Uses the network of populations model to simulation the disease progression
optional arguments:
-h, --help show this help message and exit
--use-movement-multipliers
By enabling this parameter you can adjust dampening or
heightening people movement through time (default:
False)
--time TIME The number of time steps to take for each simulation
(default: 200)
-l LOGFILE, --logfile LOGFILE
Path for logging output (default: None)
-q, --quiet Prints only warnings to stderr (default: False)
--debug Provide debug output to STDERR (default: False)
-c DATA_PIPELINE_CONFIG, --data-pipeline-config DATA_PIPELINE_CONFIG
Base directory with the input paramters (default:
config.yaml)
Descriptions of the data files used can be found in the data dictionary.
You can visualise a previous run with the visualisation command. Eg.:
python -m simple_network_sim.network_of_populations.visualisation access-381ab6b4169c0357261103a7d52fc93b495e9af5.yaml
These are the parameters you can pass the visualisation command:
python -m simple_network_sim.network_of_populations.visualisation --help
usage: visualisation.py [-h] [--nodes nodes,[nodes,...]]
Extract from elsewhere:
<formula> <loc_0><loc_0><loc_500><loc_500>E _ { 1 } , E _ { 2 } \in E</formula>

[--states states,[states,...]] [--share-y]
[--data-product DATA_PRODUCT]
access_log_path
Reads
positional arguments:
access_log_path Path to a access log file
optional arguments:
-h, --help show this help message and exit
--nodes nodes,[nodes,...]
Comma-separated list of nodes to plot. All nodes will
be plotted if not provided. (default: None)
--states states,[states,...]
Comma-separated list of states to plot. All states
will be plotted if not provided. (default: None)
--share-y Toggle this flag if you want all y-axis to be shared
(default: False)
--data-product DATA_PRODUCT
Use this to select which output file to read, in case
more than one is available (default:
output/simple_network_sim/outbreak-timeseries)
To build a local version of the readthedocs site (e.g. when working on the documentation) add the following packages to your environment:
sphinx
sphinx_rtd_theme
Then:
cd doc
sphinx-build -b html -d build/doctrees source build/html
To build the latex document, you need a recent installation of a latex distribution (e.g. MiKTeX, and an editor, e.g. TeXMaker), and use the "PDFLaTex" compiler to generate the pdf file, through the command:
pdflatex doc/model_documentation/model_description.tex
Continuous integration uses Travis, codacy and Codecov.
Automated static analysis results are available - these should be interpreted with caution and the importance of each issue must be assessed individually. The setup is to use pylint with a configuration file. This is the default plus we ignore C0103 (variable names) and C0301 (line lengths). We do not make use of the overall "quality standards" features of codacy at this time as they are pretty arbitrary.